I asked my daughter the question, “How are you feeling today?” She’d had an upset with a friend the night before so it seemed like a normal question for me to ask her the next day. But I started thinking: there is a more empowering question I could ask her, and I felt my next blog post coming on.

“How are you feeling today?” It seems like a nice, logical question to ask someone; a way to connect, check in, perhaps gather information. However, a more empowering question might be: “What are you thinking today?”

I’ve heard the “thought leaders” of the world say that “our thoughts create our perception”. Also, they explain that what we think causes our feelings. So, if we base how we are on how we are feeling, maybe that has us at a disadvantage. Which of the two questions allow us to be in touch with a deeper sense of ourselves?
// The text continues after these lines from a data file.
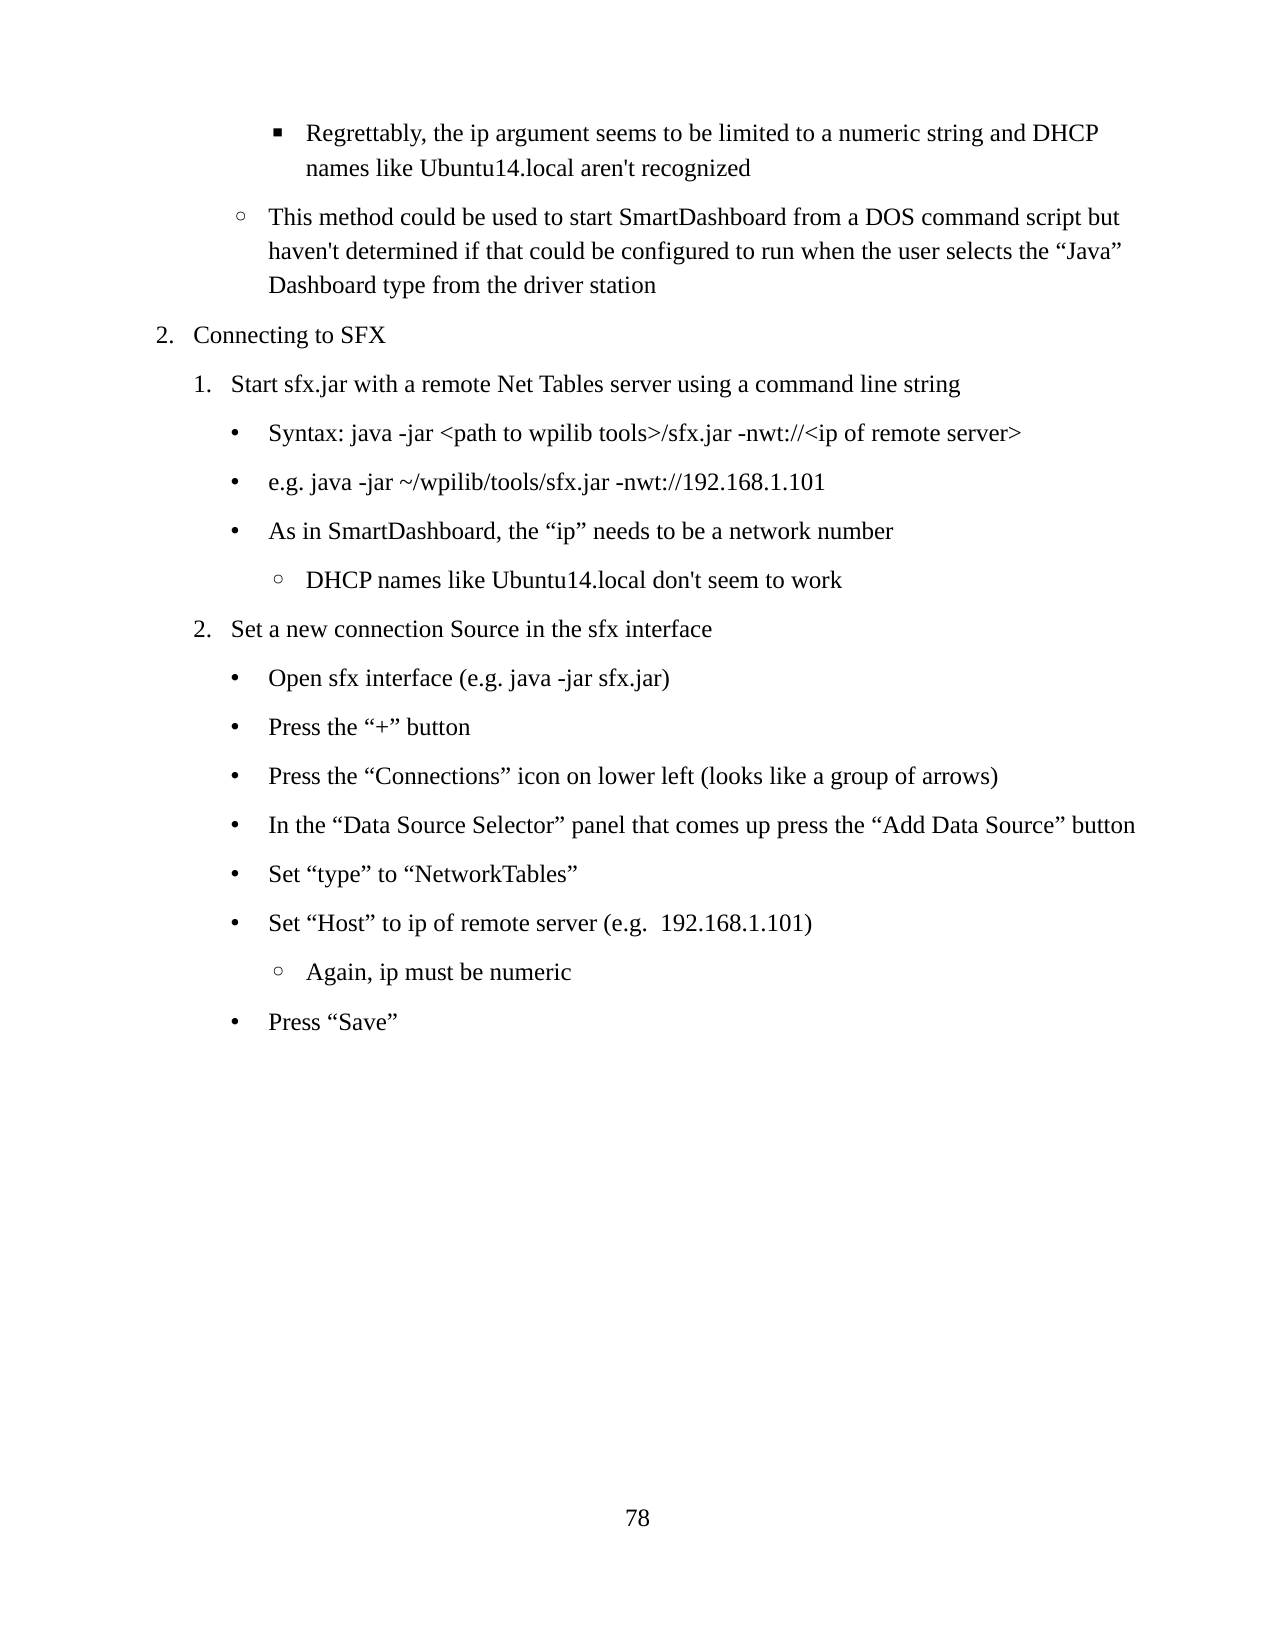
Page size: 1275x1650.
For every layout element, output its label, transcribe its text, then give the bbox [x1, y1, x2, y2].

list DHCP names like Ubuntu14.local don't seem to work [268, 565, 1157, 594]
list Regrettably, the ip argument seems to be limited to a numeric string and DHCP names like Ubuntu14.local aren't recognized [268, 118, 1157, 181]
list e.g. java -jar ~/wpilib/tools/sfx.jar -nwt://192.168.1.101 [231, 467, 1157, 496]
list Press the “Connections” icon on lower left (looks like a group of arrows) [231, 761, 1157, 790]
list Set a new connection Source in the sfx interface [193, 614, 1157, 643]
list This method could be used to start SmartDashboard from a DOS command script but haven't determined if that could be configured to run when the user selects the “Java” Dashboard type from the driver station [231, 202, 1157, 299]
list Press the “+” button [231, 712, 1157, 741]
list As in SmartDashboard, the “ip” needs to be a network number [231, 516, 1157, 545]
list Set “Host” to ip of remote server (e.g. 192.168.1.101) [231, 908, 1157, 937]
list Open sfx interface (e.g. java -jar sfx.jar) [231, 663, 1157, 692]
list Start sfx.jar with a remote Net Tables server using a command line string [193, 369, 1157, 397]
list In the “Data Source Selector” panel that comes up press the “Add Data Source” button [231, 810, 1157, 839]
list Syntax: java -jar <path to wpilib tools>/sfx.jar -nwt://<ip of remote server> [231, 418, 1157, 447]
list Set “type” to “NetworkTables” [231, 859, 1157, 888]
list Again, ip must be numeric [268, 957, 1157, 986]
list Connecting to SFX [156, 320, 1157, 348]
list Press “Save” [231, 1007, 1157, 1035]

The question, “What are you thinking today?”, can give us better information and help the person we are talking to notice their thinking in that moment. Then they can choose to think something else if they realize their thoughts in that moment are not serving them well. It comes down to being responsible for choosing our own thoughts and for producing our own peace and happiness. Having a sense of well-being is not outside ourselves, nor dependent on someone else or a different circumstance. It’s within our control. How do we know a thought is not serving us, though? The thought leaders say, we can tell by how we feel in our body. That doesn’t mean we won’t ever feel sad or mad. But, we can let the feelings run through us; they won’t stay “stuck” in us for days, months or even years, if we stop choosing the same thought over and over again. We have the ability to have a different thought when we choose to. We can turn a thought like, “I can’t believe he said that to me, what is his problem!” into, “He said what he said, it doesn’t make it true and I’m not going to let it bother me, I’m fine.”

That more empowering question, “What are you thinking today?”, allows us more presence. Harvard brain scientist Jill Bolte Taylor says, “We all control our thoughts, we are not our thoughts and if you don’t think it, it doesn’t exist”. Shakespeare similarly said, “There is nothing neither good or bad, but thinking makes it so.

If our conversations stopped revolving around our feelings and more around our thinking, it could produce more peace and happiness. Jill Bolte Taylor explains that “when you pay attention to the circuitry you are running, and interact with people differently, the rules change and the game changes, it demands change.” I think I will put this to the test the next time I catch myself asking someone how they feel.

Connection-Our Greatest Influence

As my adolescent grew into the teen she is today, I had a sense that in order to keep a connection with her and not lose her so to speak, I needed to not manage her. To not nag, criticize and tell her what I think she needed to be doing or when and how she should do it, as much as I could anyway. Sounds good right? If parents were to take a real honest look though, they might find they fit the description of a manager better than they think. It doesn’t make us bad parents, just not as effective as we could be in actually getting what we want: influence over our kids. Influence is defined as …”the capacity to have an effect on the character, development or behaviour of someone”.

So what’s a parent to do? How do we not lose influence over our teens? We know they still need us to be there for them. It’s not a time to disappear, probably a time more than ever to stay close by. What would work though?

I wanted to be her sounding board, on her terms of course, to be visible yet quiet, to smile, love, listen and to check in with her with few questions. And for god’s sake, keep all her friends straight or I’d never hear the end of that one! This strikes me as the role of a consultant.

Our teens are in a time of their lives where power, freedom and belonging are huge needs for them. Managing infringes on their needs and causes disconnection, consulting can help serve their needs while keeping a connection. This is where our greatest influence lies with our amazing teens.